You step onto the project site — lanes of traffic moving beside you, a bridge structure rising ahead, and construction crews working within a tight corridor. You can almost hear the flow of cars and the rhythm of equipment in motion. But none of it is real ... yet. You’re inside a fully modeled digital environment, experiencing the layout, scale and flow of a critical infrastructure project long before it’s constructed. Here, project teams can walk the site, test scenarios, surface risks and get every stakeholder on the same page early enough to make changes that matter.

Across the energy and infrastructure sectors, development timelines continue to compress as projects grow larger and more complex. More stakeholders are involved earlier in the process, increasing the need for clarity and shared understanding from the start. Many initial planning conversations still rely on static drawings and assumptions that struggle to convey scale, sequencing or community impact. That disconnect often leads to delays and difficult tradeoffs later in the project.

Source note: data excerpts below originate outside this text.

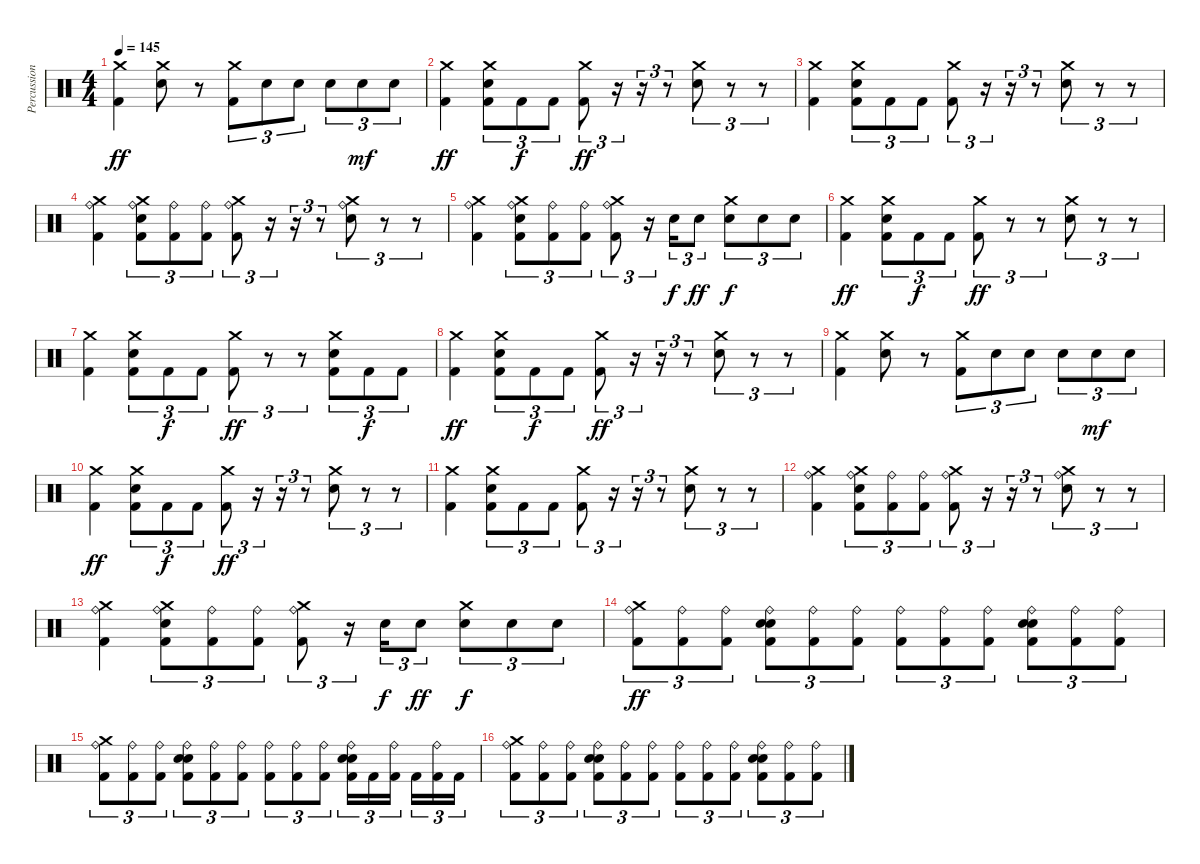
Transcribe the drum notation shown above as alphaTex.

\track ("Percussion" "Percussion") {instrument percussion}
\staff {score}
\articulation defaults
\ts (4 4)
\tempo 145
\clef neutral
\ks c
("Crash medium (hit)" "Kick (hit) 2").4{dy ff} ("Electric Snare (hit)" "Crash medium (hit)").8 r.8 ("Crash medium (hit)" "Kick (hit) 2").8{tu (3 2)} "Electric Snare (hit)".8{tu (3 2)} "Electric Snare (hit)".8{tu (3 2)} "Electric Snare (hit)".8{tu (3 2)} "Electric Snare (hit)".8{tu (3 2) dy mf} "Electric Snare (hit)".8{tu (3 2)} |
("Crash medium (hit)" "Kick (hit) 2").4{dy ff} ("Electric Snare (hit)" "Crash medium (hit)" "Kick (hit) 2").8{tu (3 2)} "Kick (hit) 2".8{tu (3 2) dy f} "Kick (hit) 2".8{tu (3 2)} ("Crash medium (hit)" "Kick (hit) 2").8{tu (3 2) dy ff} r.16{tu (3 2)} r.16{tu (3 2)} r.8{tu (3 2)} ("Electric Snare (hit)" "Crash medium (hit)").8{tu (3 2)} r.8{tu (3 2)} r.8{tu (3 2)} |
("Crash medium (hit)" "Kick (hit) 2").4 ("Electric Snare (hit)" "Crash medium (hit)" "Kick (hit) 2").8{tu (3 2)} "Kick (hit) 2".8{tu (3 2)} "Kick (hit) 2".8{tu (3 2)} ("Crash medium (hit)" "Kick (hit) 2").8{tu (3 2)} r.16{tu (3 2)} r.16{tu (3 2)} r.8{tu (3 2)} ("Electric Snare (hit)" "Crash medium (hit)").8{tu (3 2)} r.8{tu (3 2)} r.8{tu (3 2)} |
("Ride (bell)" "Crash medium (hit)" "Kick (hit) 2").4 ("Ride (bell)" "Electric Snare (hit)" "Crash medium (hit)" "Kick (hit) 2").8{tu (3 2)} ("Ride (bell)" "Kick (hit) 2").8{tu (3 2)} ("Ride (bell)" "Kick (hit) 2").8{tu (3 2)} ("Ride (bell)" "Crash medium (hit)" "Kick (hit) 2").8{tu (3 2)} r.16{tu (3 2)} r.16{tu (3 2)} r.8{tu (3 2)} ("Ride (bell)" "Electric Snare (hit)" "Crash medium (hit)").8{tu (3 2)} r.8{tu (3 2)} r.8{tu (3 2)} |
("Ride (bell)" "Crash medium (hit)" "Kick (hit) 2").4 ("Ride (bell)" "Electric Snare (hit)" "Crash medium (hit)" "Kick (hit) 2").8{tu (3 2)} ("Ride (bell)" "Kick (hit) 2").8{tu (3 2)} ("Ride (bell)" "Kick (hit) 2").8{tu (3 2)} ("Ride (bell)" "Crash medium (hit)" "Kick (hit) 2").8{tu (3 2)} r.16{tu (3 2)} "Electric Snare (hit)".16{tu (3 2) dy f} "Electric Snare (hit)".8{tu (3 2) dy ff} ("Electric Snare (hit)" "Crash medium (hit)").8{tu (3 2) dy f} "Electric Snare (hit)".8{tu (3 2)} "Electric Snare (hit)".8{tu (3 2)} |
("Crash medium (hit)" "Kick (hit) 2").4{dy ff} ("Electric Snare (hit)" "Crash medium (hit)" "Kick (hit) 2").8{tu (3 2)} "Kick (hit) 2".8{tu (3 2) dy f} "Kick (hit) 2".8{tu (3 2)} ("Crash medium (hit)" "Kick (hit) 2").8{tu (3 2) dy ff} r.8{tu (3 2)} r.8{tu (3 2)} ("Electric Snare (hit)" "Crash medium (hit)").8{tu (3 2)} r.8{tu (3 2)} r.8{tu (3 2)} |
("Crash medium (hit)" "Kick (hit) 2").4 ("Electric Snare (hit)" "Crash medium (hit)" "Kick (hit) 2").8{tu (3 2)} "Kick (hit) 2".8{tu (3 2) dy f} "Kick (hit) 2".8{tu (3 2)} ("Crash medium (hit)" "Kick (hit) 2").8{tu (3 2) dy ff} r.8{tu (3 2)} r.8{tu (3 2)} ("Electric Snare (hit)" "Crash medium (hit)" "Kick (hit) 2").8{tu (3 2)} "Kick (hit) 2".8{tu (3 2) dy f} "Kick (hit) 2".8{tu (3 2)} |
("Crash medium (hit)" "Kick (hit) 2").4{dy ff} ("Electric Snare (hit)" "Crash medium (hit)" "Kick (hit) 2").8{tu (3 2)} "Kick (hit) 2".8{tu (3 2) dy f} "Kick (hit) 2".8{tu (3 2)} ("Crash medium (hit)" "Kick (hit) 2").8{tu (3 2) dy ff} r.16{tu (3 2)} r.16{tu (3 2)} r.8{tu (3 2)} ("Electric Snare (hit)" "Crash medium (hit)").8{tu (3 2)} r.8{tu (3 2)} r.8{tu (3 2)} |
("Crash medium (hit)" "Kick (hit) 2").4 ("Electric Snare (hit)" "Crash medium (hit)").8 r.8 ("Crash medium (hit)" "Kick (hit) 2").8{tu (3 2)} "Electric Snare (hit)".8{tu (3 2)} "Electric Snare (hit)".8{tu (3 2)} "Electric Snare (hit)".8{tu (3 2)} "Electric Snare (hit)".8{tu (3 2) dy mf} "Electric Snare (hit)".8{tu (3 2)} |
("Crash medium (hit)" "Kick (hit) 2").4{dy ff} ("Electric Snare (hit)" "Crash medium (hit)" "Kick (hit) 2").8{tu (3 2)} "Kick (hit) 2".8{tu (3 2) dy f} "Kick (hit) 2".8{tu (3 2)} ("Crash medium (hit)" "Kick (hit) 2").8{tu (3 2) dy ff} r.16{tu (3 2)} r.16{tu (3 2)} r.8{tu (3 2)} ("Electric Snare (hit)" "Crash medium (hit)").8{tu (3 2)} r.8{tu (3 2)} r.8{tu (3 2)} |
("Crash medium (hit)" "Kick (hit) 2").4 ("Electric Snare (hit)" "Crash medium (hit)" "Kick (hit) 2").8{tu (3 2)} "Kick (hit) 2".8{tu (3 2)} "Kick (hit) 2".8{tu (3 2)} ("Crash medium (hit)" "Kick (hit) 2").8{tu (3 2)} r.16{tu (3 2)} r.16{tu (3 2)} r.8{tu (3 2)} ("Electric Snare (hit)" "Crash medium (hit)").8{tu (3 2)} r.8{tu (3 2)} r.8{tu (3 2)} |
("Ride (bell)" "Crash medium (hit)" "Kick (hit) 2").4 ("Ride (bell)" "Electric Snare (hit)" "Crash medium (hit)" "Kick (hit) 2").8{tu (3 2)} ("Ride (bell)" "Kick (hit) 2").8{tu (3 2)} ("Ride (bell)" "Kick (hit) 2").8{tu (3 2)} ("Ride (bell)" "Crash medium (hit)" "Kick (hit) 2").8{tu (3 2)} r.16{tu (3 2)} r.16{tu (3 2)} r.8{tu (3 2)} ("Ride (bell)" "Electric Snare (hit)" "Crash medium (hit)").8{tu (3 2)} r.8{tu (3 2)} r.8{tu (3 2)} |
("Ride (bell)" "Crash medium (hit)" "Kick (hit) 2").4 ("Ride (bell)" "Electric Snare (hit)" "Crash medium (hit)" "Kick (hit) 2").8{tu (3 2)} ("Ride (bell)" "Kick (hit) 2").8{tu (3 2)} ("Ride (bell)" "Kick (hit) 2").8{tu (3 2)} ("Ride (bell)" "Crash medium (hit)" "Kick (hit) 2").8{tu (3 2)} r.16{tu (3 2)} "Electric Snare (hit)".16{tu (3 2) dy f} "Electric Snare (hit)".8{tu (3 2) dy ff} ("Electric Snare (hit)" "Crash medium (hit)").8{tu (3 2) dy f} "Electric Snare (hit)".8{tu (3 2)} "Electric Snare (hit)".8{tu (3 2)} |
("Ride (bell)" "Crash medium (hit)" "Kick (hit) 2").8{tu (3 2) dy ff} ("Ride (bell)" "Kick (hit) 2").8{tu (3 2)} ("Ride (bell)" "Kick (hit) 2").8{tu (3 2)} ("Ride (bell)" "Snare (hit) 2" "Electric Snare (hit)" "Kick (hit) 2").8{tu (3 2)} ("Ride (bell)" "Kick (hit) 2").8{tu (3 2)} ("Ride (bell)" "Kick (hit) 2").8{tu (3 2)} ("Ride (bell)" "Kick (hit) 2").8{tu (3 2)} ("Ride (bell)" "Kick (hit) 2").8{tu (3 2)} ("Ride (bell)" "Kick (hit) 2").8{tu (3 2)} ("Ride (bell)" "Snare (hit) 2" "Electric Snare (hit)" "Kick (hit) 2").8{tu (3 2)} ("Ride (bell)" "Kick (hit) 2").8{tu (3 2)} ("Ride (bell)" "Kick (hit) 2").8{tu (3 2)} |
("Ride (bell)" "Crash medium (hit)" "Kick (hit) 2").8{tu (3 2)} ("Ride (bell)" "Kick (hit) 2").8{tu (3 2)} ("Ride (bell)" "Kick (hit) 2").8{tu (3 2)} ("Ride (bell)" "Snare (hit) 2" "Electric Snare (hit)" "Kick (hit) 2").8{tu (3 2)} ("Ride (bell)" "Kick (hit) 2").8{tu (3 2)} ("Ride (bell)" "Kick (hit) 2").8{tu (3 2)} ("Ride (bell)" "Kick (hit) 2").8{tu (3 2)} ("Ride (bell)" "Kick (hit) 2").8{tu (3 2)} ("Ride (bell)" "Kick (hit) 2").8{tu (3 2)} ("Ride (bell)" "Snare (hit) 2" "Electric Snare (hit)" "Kick (hit) 2").16{tu (3 2)} "Kick (hit) 2".16{tu (3 2)} ("Ride (bell)" "Kick (hit) 2").16{tu (3 2) beam splitsecondary} "Kick (hit) 2".16{tu (3 2)} ("Ride (bell)" "Kick (hit) 2").16{tu (3 2)} "Kick (hit) 2".16{tu (3 2)} |
("Ride (bell)" "Crash medium (hit)" "Kick (hit) 2").8{tu (3 2)} ("Ride (bell)" "Kick (hit) 2").8{tu (3 2)} ("Ride (bell)" "Kick (hit) 2").8{tu (3 2)} ("Ride (bell)" "Snare (hit) 2" "Electric Snare (hit)" "Kick (hit) 2").8{tu (3 2)} ("Ride (bell)" "Kick (hit) 2").8{tu (3 2)} ("Ride (bell)" "Kick (hit) 2").8{tu (3 2)} ("Ride (bell)" "Kick (hit) 2").8{tu (3 2)} ("Ride (bell)" "Kick (hit) 2").8{tu (3 2)} ("Ride (bell)" "Kick (hit) 2").8{tu (3 2)} ("Ride (bell)" "Snare (hit) 2" "Electric Snare (hit)" "Kick (hit) 2").8{tu (3 2)} ("Ride (bell)" "Kick (hit) 2").8{tu (3 2)} ("Ride (bell)" "Kick (hit) 2").8{tu (3 2)}

“Seeing is believing,” says Karen Bray, senior vice president and general manager of the Burns & McDonnell south central region. “Different stakeholders process information in different ways, and immersive environments help level the playing field. When people can see a project spatially and over time, it changes how decisions are made and how quickly teams align.”

Visualization in a 3D model format has been common in many industries for years, allowing the viewer to zoom into, pan across and orbit around a 3D image on a 2D screen. Often there is a figurine of a human shown in the model to depict scale. Now, immersive planning environments are becoming part of communication, where you step inside of the plant itself with accurate scale of equipment, specific to your human frame.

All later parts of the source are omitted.